WHAT TO WORK ON
Which lines of the records below contain the word "made"? Copy each of them out.

Extracted records
BEGIN

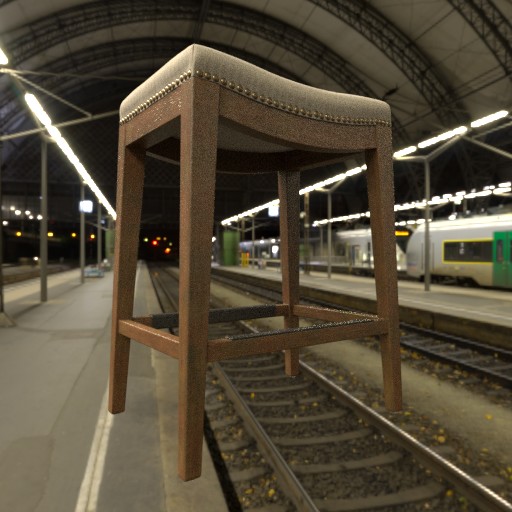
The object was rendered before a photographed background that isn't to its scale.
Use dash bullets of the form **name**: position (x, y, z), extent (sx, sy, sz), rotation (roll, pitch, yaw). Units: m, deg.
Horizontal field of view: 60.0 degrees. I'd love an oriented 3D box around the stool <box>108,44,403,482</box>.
- **stool**: position (0.000, 0.000, 0.929), extent (0.508, 0.660, 0.356), rotation (0, 0, -36)
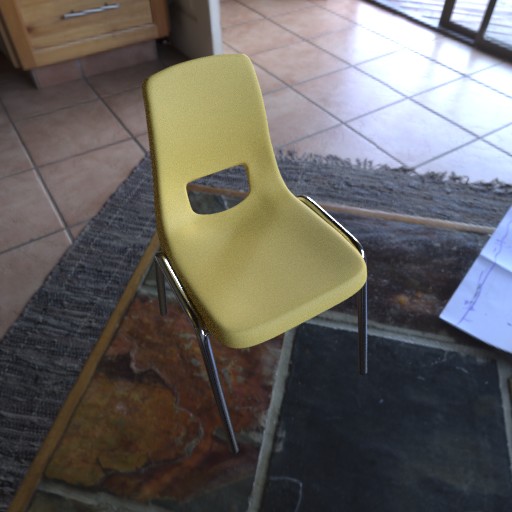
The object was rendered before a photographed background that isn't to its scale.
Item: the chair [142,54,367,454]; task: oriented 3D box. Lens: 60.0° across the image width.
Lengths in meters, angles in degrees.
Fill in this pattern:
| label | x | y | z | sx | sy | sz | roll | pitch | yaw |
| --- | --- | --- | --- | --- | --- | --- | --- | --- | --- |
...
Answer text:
| label | x | y | z | sx | sy | sz | roll | pitch | yaw |
| --- | --- | --- | --- | --- | --- | --- | --- | --- | --- |
| chair | 0.000 | 0.000 | 0.908 | 0.381 | 0.653 | 0.436 | -24 | 51 | -21 |
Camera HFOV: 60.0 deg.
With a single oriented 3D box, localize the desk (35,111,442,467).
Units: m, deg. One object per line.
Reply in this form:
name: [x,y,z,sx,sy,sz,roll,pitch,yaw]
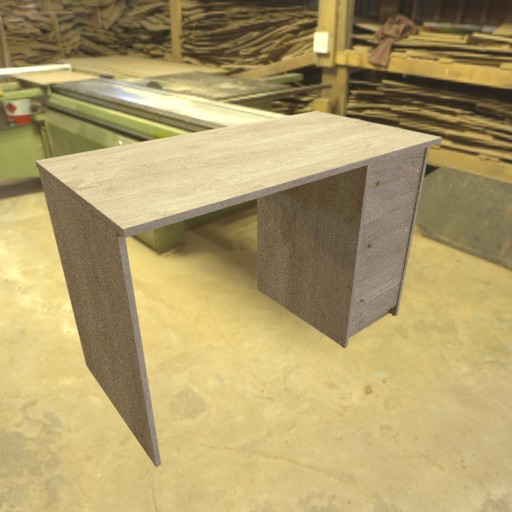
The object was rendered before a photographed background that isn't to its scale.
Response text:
desk: [0.000,0.000,1.498,1.097,0.735,0.560,-21,35,-34]
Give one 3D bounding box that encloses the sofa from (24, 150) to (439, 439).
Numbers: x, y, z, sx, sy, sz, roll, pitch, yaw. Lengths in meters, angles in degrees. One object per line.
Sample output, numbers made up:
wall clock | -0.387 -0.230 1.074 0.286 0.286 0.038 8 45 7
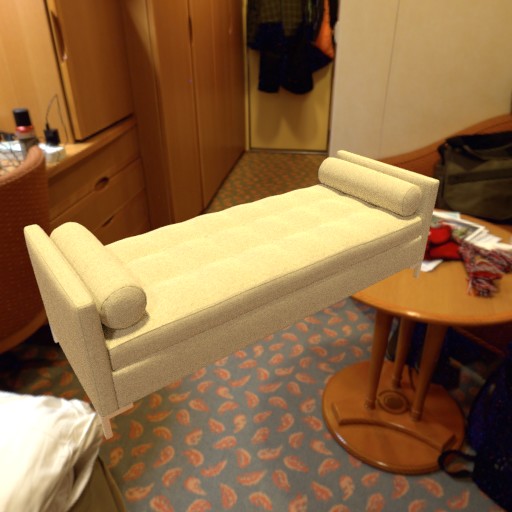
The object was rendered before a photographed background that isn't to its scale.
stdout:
sofa | 0.000 0.000 2.438 2.102 0.655 0.797 -20 35 -31
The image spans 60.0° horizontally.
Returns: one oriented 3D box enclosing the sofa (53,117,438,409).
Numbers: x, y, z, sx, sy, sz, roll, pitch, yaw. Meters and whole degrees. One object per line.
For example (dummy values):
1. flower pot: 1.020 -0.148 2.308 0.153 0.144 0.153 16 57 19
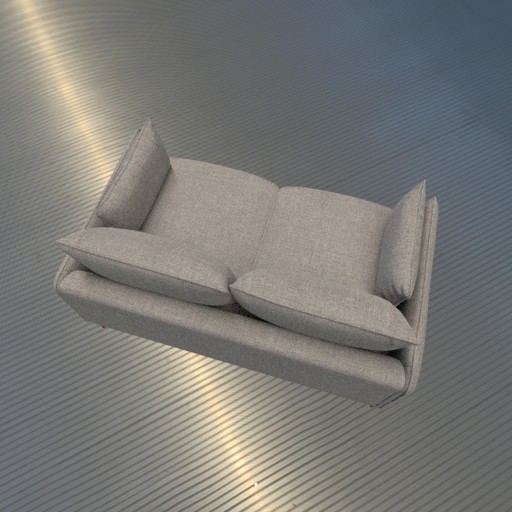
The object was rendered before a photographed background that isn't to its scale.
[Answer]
1. sofa: 0.000 0.000 2.117 1.580 0.851 0.972 15 64 7
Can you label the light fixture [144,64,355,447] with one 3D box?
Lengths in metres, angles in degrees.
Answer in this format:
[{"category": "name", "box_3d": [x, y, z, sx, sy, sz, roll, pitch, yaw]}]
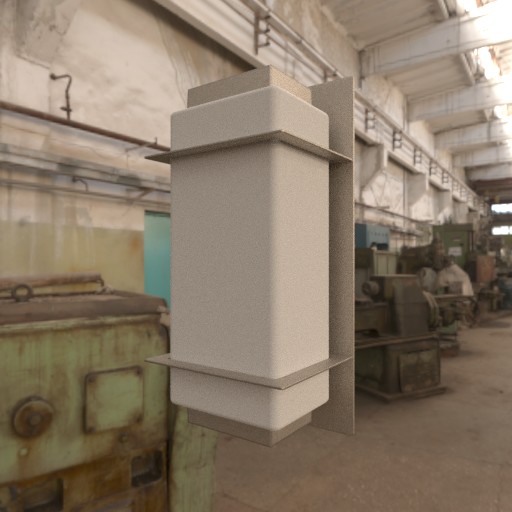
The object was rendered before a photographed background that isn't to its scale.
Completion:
[{"category": "light fixture", "box_3d": [0.000, 0.000, 0.468, 0.168, 0.380, 0.160, 0, 0, 36]}]
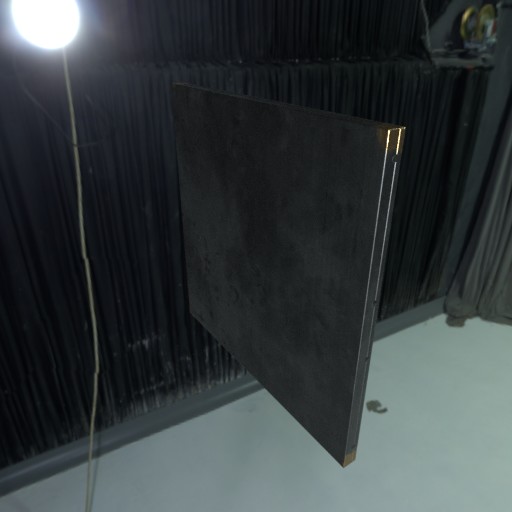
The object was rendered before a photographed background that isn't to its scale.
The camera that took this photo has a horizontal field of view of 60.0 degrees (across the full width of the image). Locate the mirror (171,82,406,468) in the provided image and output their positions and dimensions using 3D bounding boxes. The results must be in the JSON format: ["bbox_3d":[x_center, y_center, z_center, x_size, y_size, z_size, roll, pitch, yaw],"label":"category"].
[{"bbox_3d":[0.000,0.000,0.565,0.020,0.381,0.382,-18,32,-30],"label":"mirror"}]
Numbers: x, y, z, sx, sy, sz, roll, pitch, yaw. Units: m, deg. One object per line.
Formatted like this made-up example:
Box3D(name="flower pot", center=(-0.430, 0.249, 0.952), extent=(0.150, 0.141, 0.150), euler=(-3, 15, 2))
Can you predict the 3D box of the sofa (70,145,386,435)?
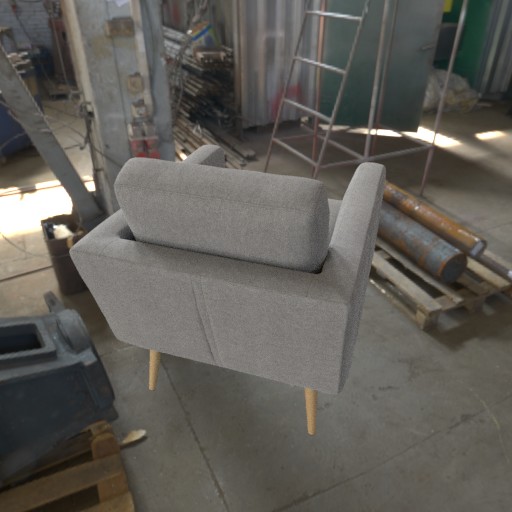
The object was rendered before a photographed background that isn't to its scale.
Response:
Box3D(name="sofa", center=(0.000, 0.000, 1.536), extent=(0.770, 0.860, 0.920), euler=(10, 34, 15))
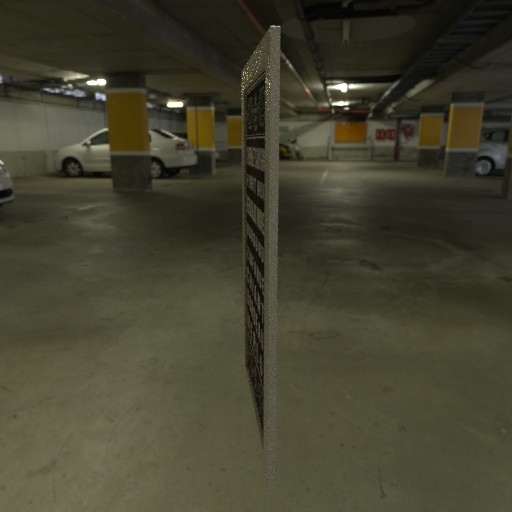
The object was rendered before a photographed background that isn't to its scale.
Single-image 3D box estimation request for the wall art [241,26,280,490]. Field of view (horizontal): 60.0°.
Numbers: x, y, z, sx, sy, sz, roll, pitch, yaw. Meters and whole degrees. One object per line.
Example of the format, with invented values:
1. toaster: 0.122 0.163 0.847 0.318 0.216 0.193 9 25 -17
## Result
1. wall art: 0.000 0.000 0.814 0.013 0.683 0.380 -2 15 -7
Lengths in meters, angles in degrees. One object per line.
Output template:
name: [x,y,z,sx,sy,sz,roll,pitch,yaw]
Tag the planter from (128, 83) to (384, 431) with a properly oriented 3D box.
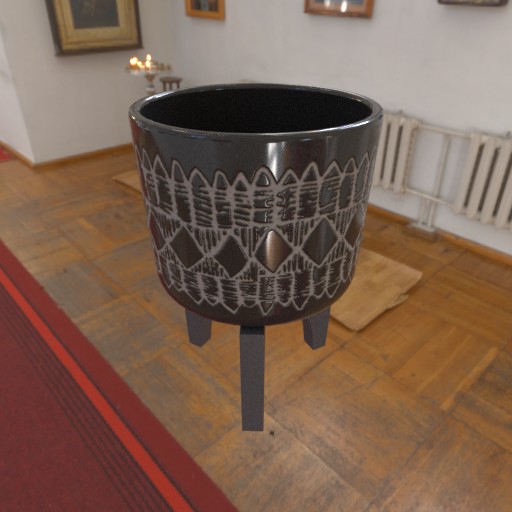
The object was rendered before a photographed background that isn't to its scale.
planter: [0.000,0.000,0.532,0.251,0.355,0.251,1,30,2]
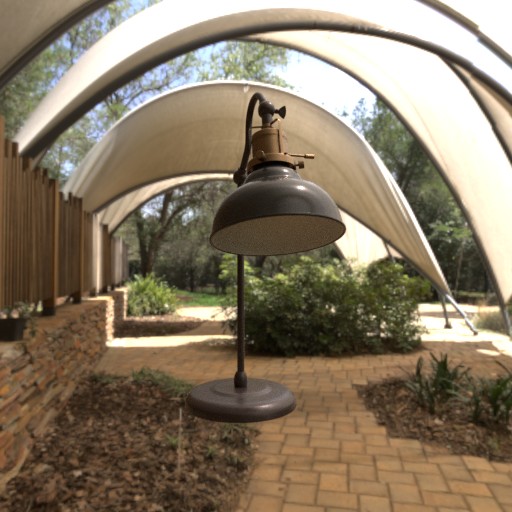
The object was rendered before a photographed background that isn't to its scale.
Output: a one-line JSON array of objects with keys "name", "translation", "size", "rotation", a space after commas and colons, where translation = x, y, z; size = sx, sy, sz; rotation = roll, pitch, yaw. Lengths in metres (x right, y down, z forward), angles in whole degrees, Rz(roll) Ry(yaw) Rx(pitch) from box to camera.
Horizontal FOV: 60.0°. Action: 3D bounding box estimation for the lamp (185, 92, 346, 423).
[{"name": "lamp", "translation": [0.000, 0.000, 0.687], "size": [0.192, 0.508, 0.374], "rotation": [0, -1, -17]}]

END

RESULT OF THE TASK
Sample output, numbers made up:
Formatted like this made-up example:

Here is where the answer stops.